Records excerpted from a collection
# # # # # # #

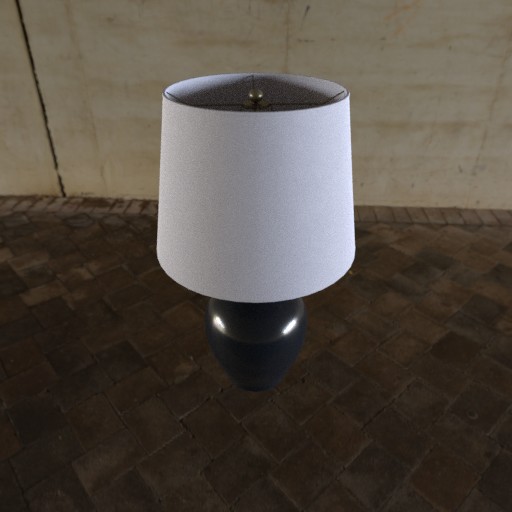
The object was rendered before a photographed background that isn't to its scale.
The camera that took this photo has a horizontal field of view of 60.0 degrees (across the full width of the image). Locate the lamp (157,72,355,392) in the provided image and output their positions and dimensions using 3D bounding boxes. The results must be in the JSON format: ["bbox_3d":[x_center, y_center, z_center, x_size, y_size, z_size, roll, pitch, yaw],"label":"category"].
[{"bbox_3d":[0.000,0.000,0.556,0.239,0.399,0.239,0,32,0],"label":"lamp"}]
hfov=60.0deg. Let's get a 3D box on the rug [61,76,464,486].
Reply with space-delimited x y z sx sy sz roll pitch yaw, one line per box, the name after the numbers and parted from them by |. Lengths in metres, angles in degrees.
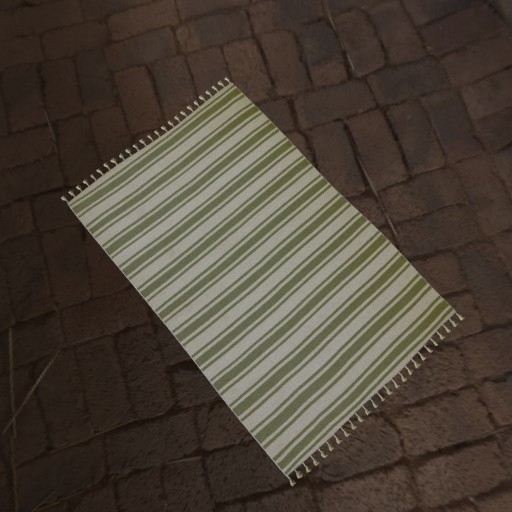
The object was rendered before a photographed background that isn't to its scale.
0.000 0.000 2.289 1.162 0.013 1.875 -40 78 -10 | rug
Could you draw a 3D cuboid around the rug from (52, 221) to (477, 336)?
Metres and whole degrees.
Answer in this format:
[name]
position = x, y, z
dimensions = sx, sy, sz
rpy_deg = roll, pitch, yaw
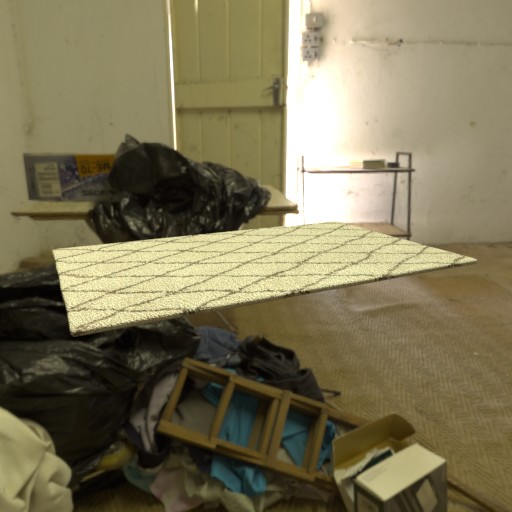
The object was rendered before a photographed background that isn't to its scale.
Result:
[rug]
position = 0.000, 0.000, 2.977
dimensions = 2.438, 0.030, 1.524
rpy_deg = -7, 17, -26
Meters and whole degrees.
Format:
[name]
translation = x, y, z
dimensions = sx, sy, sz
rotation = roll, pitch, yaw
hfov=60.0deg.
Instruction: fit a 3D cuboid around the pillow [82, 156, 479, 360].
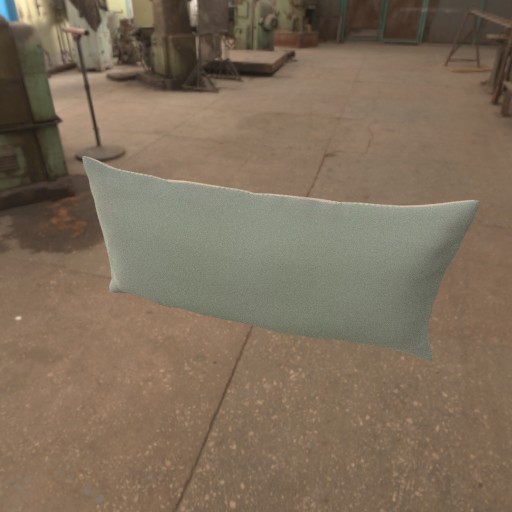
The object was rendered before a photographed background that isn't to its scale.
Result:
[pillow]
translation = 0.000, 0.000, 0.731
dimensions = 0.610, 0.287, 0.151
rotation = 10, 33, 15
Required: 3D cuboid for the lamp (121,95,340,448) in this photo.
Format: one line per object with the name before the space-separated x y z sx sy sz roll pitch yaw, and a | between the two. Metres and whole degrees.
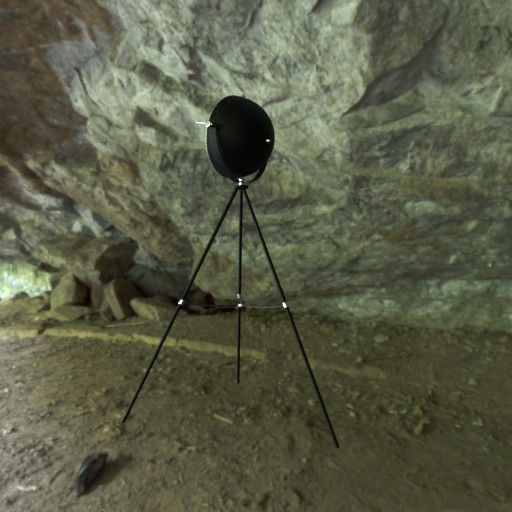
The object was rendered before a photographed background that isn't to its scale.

# # # # # # #

What you will do » Return every line above in which the string "cuboid" occurs.

Answer section »
Could you draw a 3D cuboid around the rug from (52, 221) to (477, 336)?
Instruction: fit a 3D cuboid around the pillow [82, 156, 479, 360].
Required: 3D cuboid for the lamp (121,95,340,448) in this photo.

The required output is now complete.